▸ Entries provided:
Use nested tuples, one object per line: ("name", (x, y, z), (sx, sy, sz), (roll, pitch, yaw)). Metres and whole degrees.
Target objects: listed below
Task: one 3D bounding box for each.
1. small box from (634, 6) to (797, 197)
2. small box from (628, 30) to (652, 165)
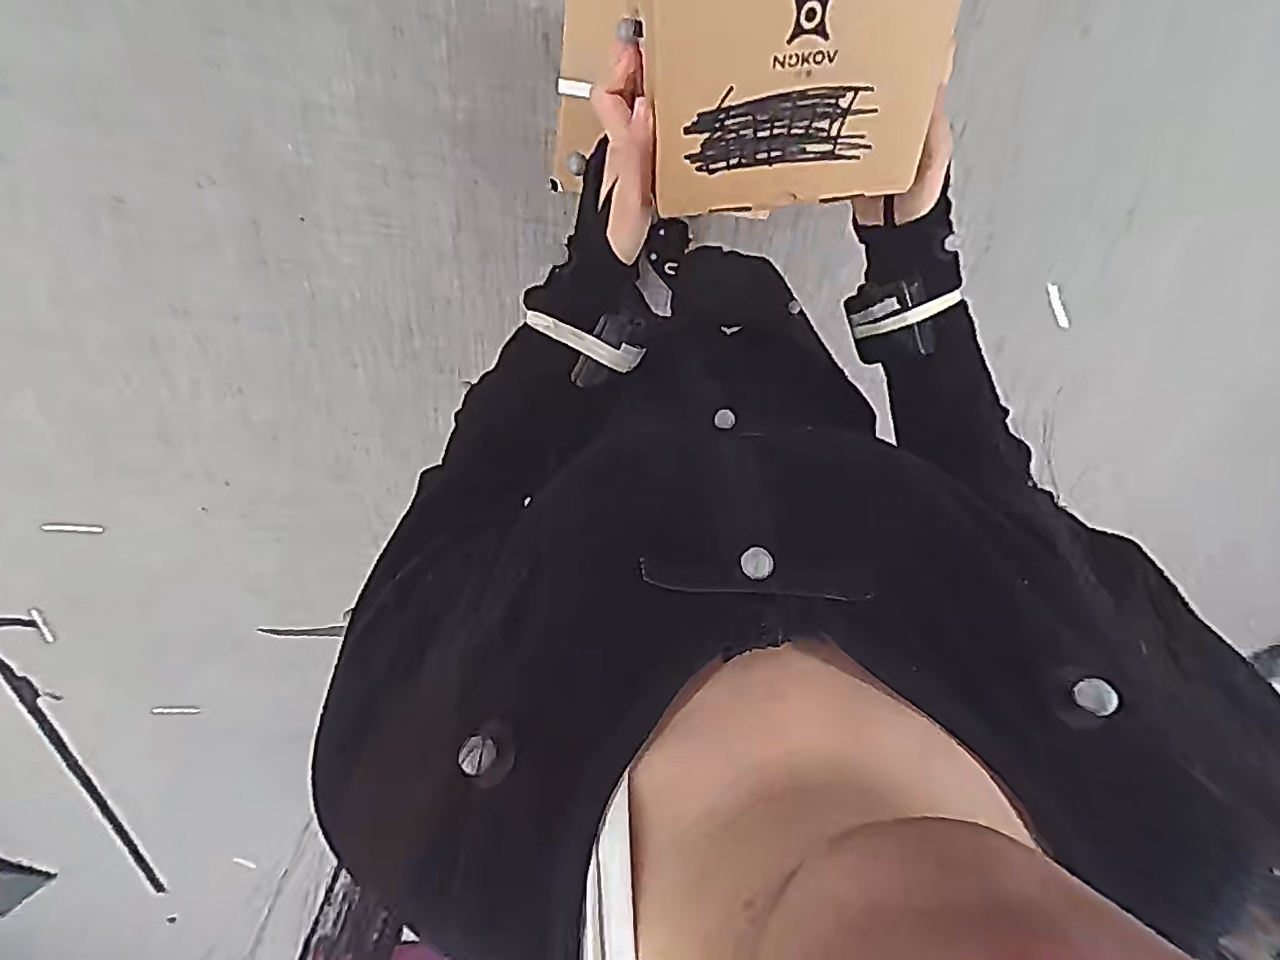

▸ Instructions for the task: Everything in the listing should be copied exactly, apart from the images it holds.

▸ Output of the exercise:
Use nested tuples, one object per line: ("name", (x, y, z), (sx, sy, sz), (roll, pitch, yaw)). Metres and whole degrees.
Target objects: listed below
Task: one 3D bounding box for each.
1. small box from (634, 6) to (797, 197)
2. small box from (628, 30) to (652, 165)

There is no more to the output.